• Source material:
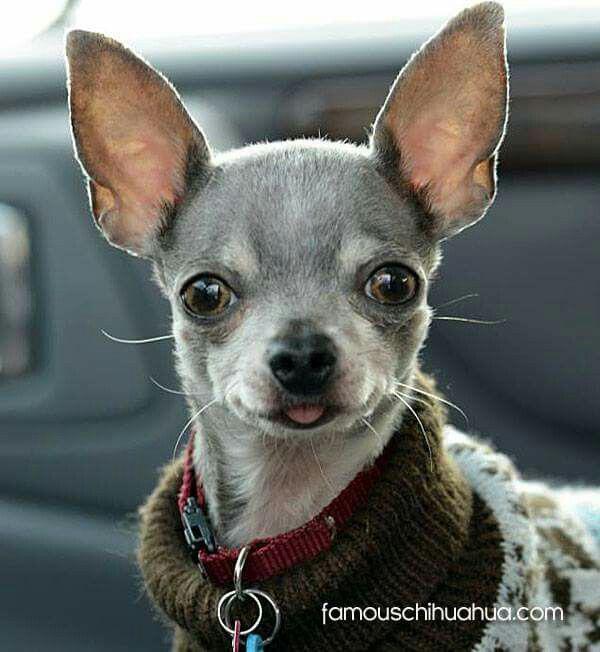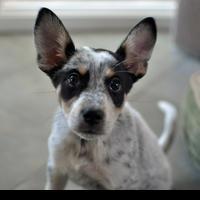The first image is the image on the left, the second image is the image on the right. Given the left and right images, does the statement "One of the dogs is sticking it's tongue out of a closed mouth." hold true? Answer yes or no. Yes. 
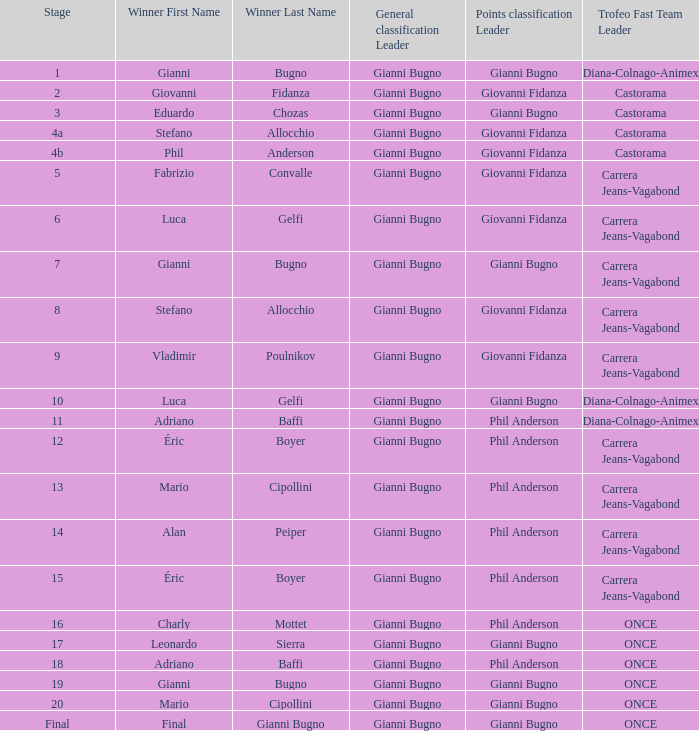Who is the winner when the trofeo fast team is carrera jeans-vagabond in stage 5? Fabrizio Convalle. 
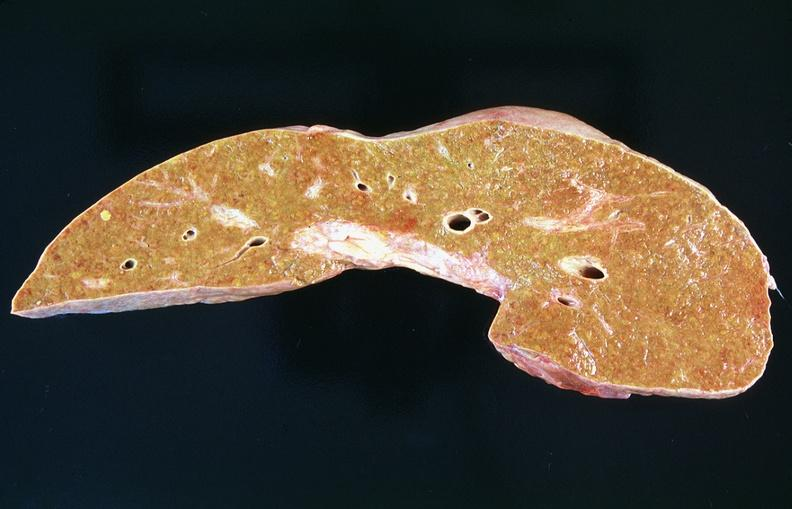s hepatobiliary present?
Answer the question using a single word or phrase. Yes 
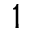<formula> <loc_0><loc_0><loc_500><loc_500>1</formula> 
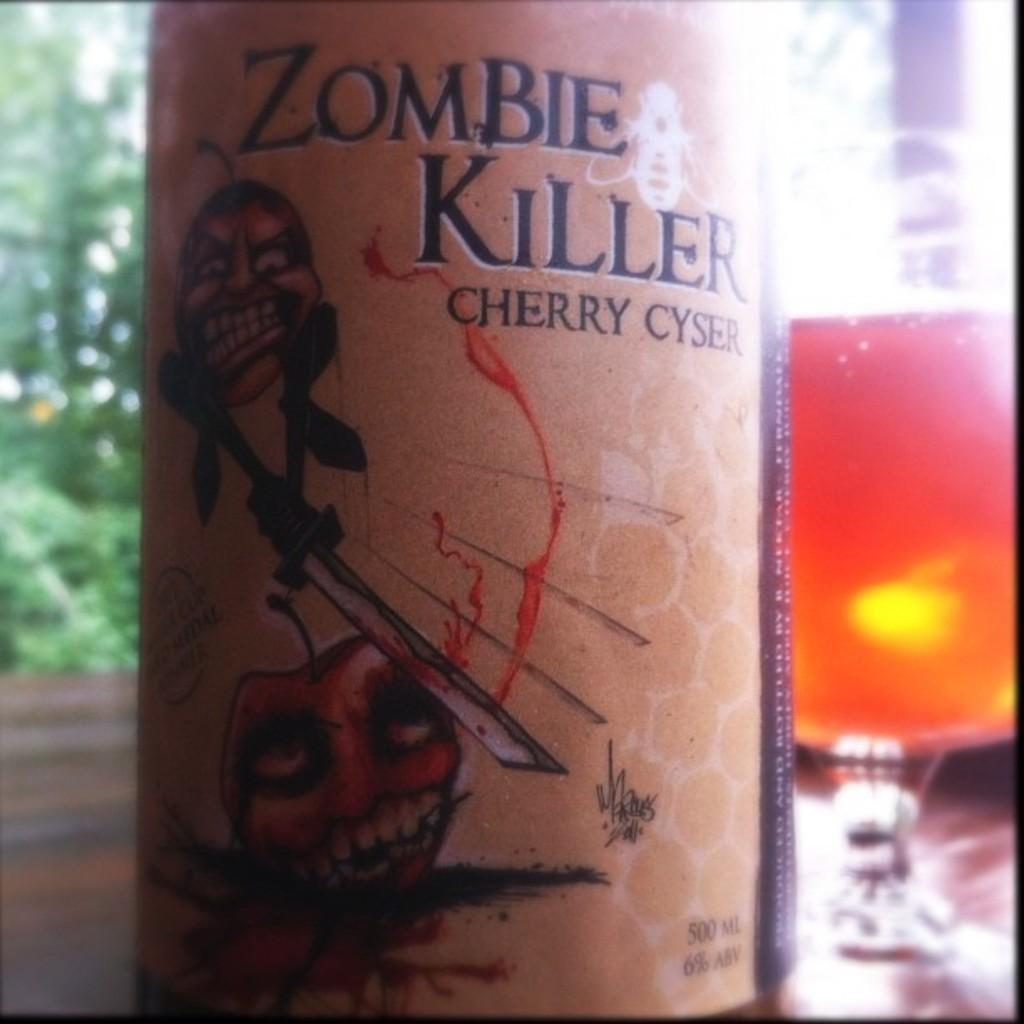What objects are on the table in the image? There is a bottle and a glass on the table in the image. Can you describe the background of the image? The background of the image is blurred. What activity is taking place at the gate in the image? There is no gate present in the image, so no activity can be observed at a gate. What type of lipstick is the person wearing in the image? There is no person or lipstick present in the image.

* * *

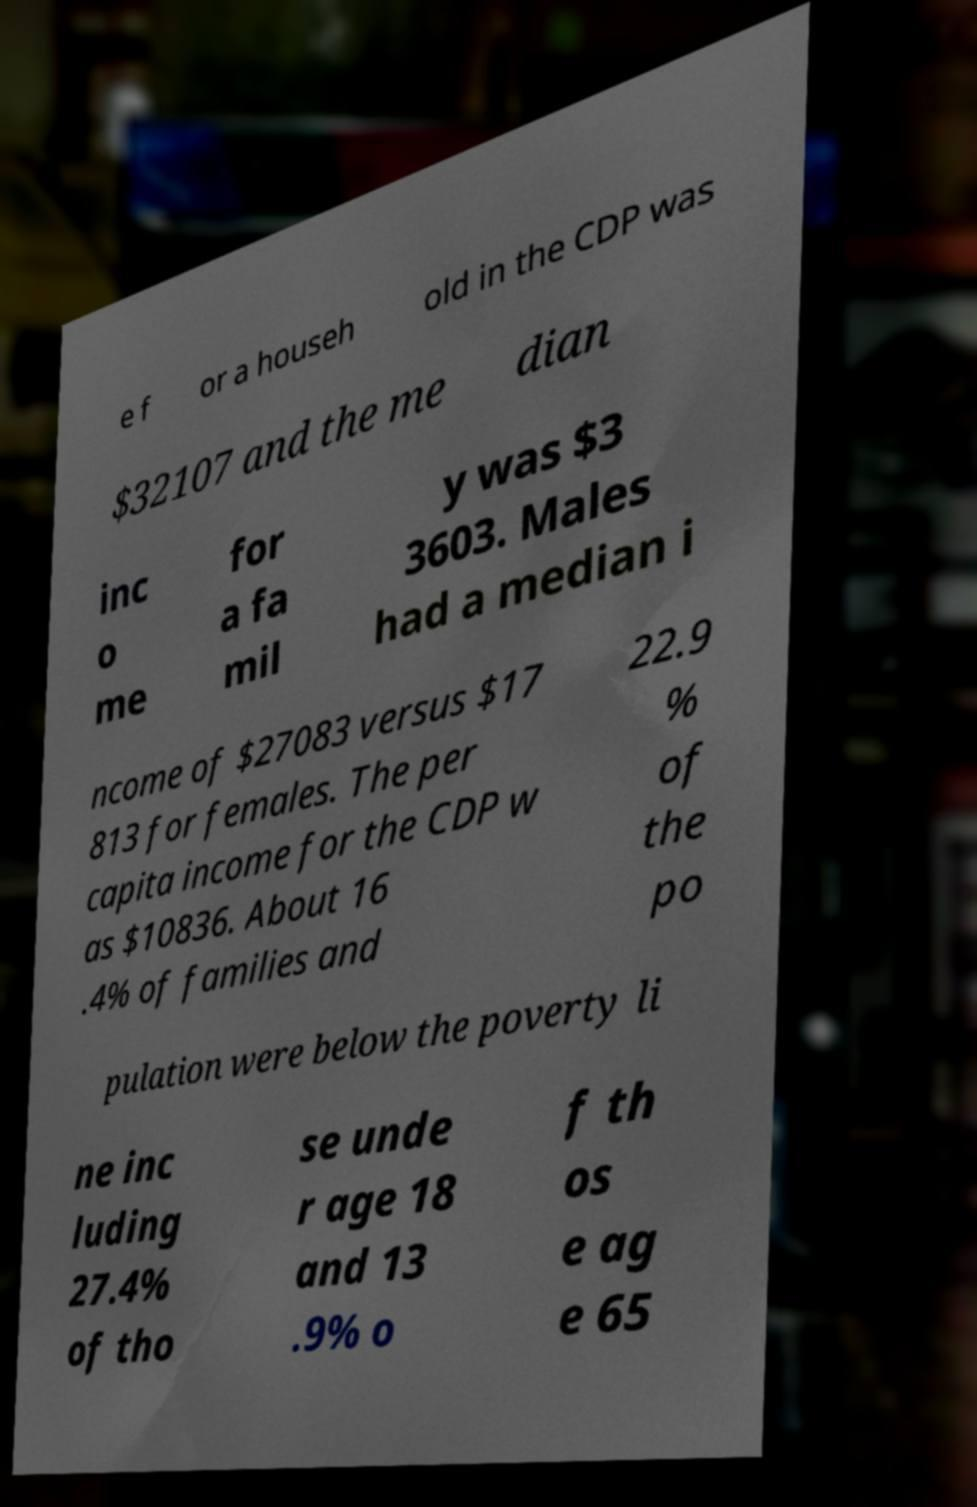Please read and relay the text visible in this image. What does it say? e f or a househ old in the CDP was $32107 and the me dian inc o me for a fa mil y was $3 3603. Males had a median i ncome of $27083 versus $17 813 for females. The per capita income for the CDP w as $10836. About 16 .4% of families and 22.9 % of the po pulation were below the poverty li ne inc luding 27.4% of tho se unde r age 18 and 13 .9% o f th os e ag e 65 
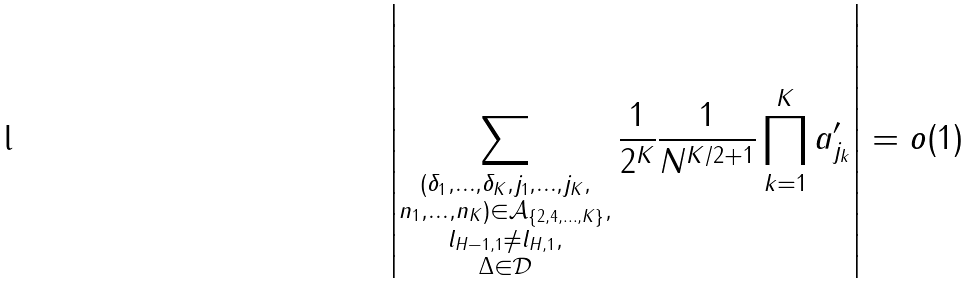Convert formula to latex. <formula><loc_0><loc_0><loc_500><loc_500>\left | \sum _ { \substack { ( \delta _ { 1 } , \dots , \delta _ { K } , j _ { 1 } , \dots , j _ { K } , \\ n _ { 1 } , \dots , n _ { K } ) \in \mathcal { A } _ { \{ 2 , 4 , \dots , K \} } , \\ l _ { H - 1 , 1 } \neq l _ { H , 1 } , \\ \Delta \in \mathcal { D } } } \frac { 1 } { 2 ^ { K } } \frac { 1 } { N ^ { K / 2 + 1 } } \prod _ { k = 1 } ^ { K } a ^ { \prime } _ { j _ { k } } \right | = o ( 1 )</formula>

• What to do: Write out exactly the lines above between the one with "Who is the winner" and the one with "<formula> <loc_0><loc_0><loc_500><loc_500>1</formula>", inclusive, with pictures left out.

• Exercise answer:
Who is the winner when the trofeo fast team is carrera jeans-vagabond in stage 5? Fabrizio Convalle. 
s hepatobiliary present?
Answer the question using a single word or phrase. Yes 
<formula> <loc_0><loc_0><loc_500><loc_500>1</formula> 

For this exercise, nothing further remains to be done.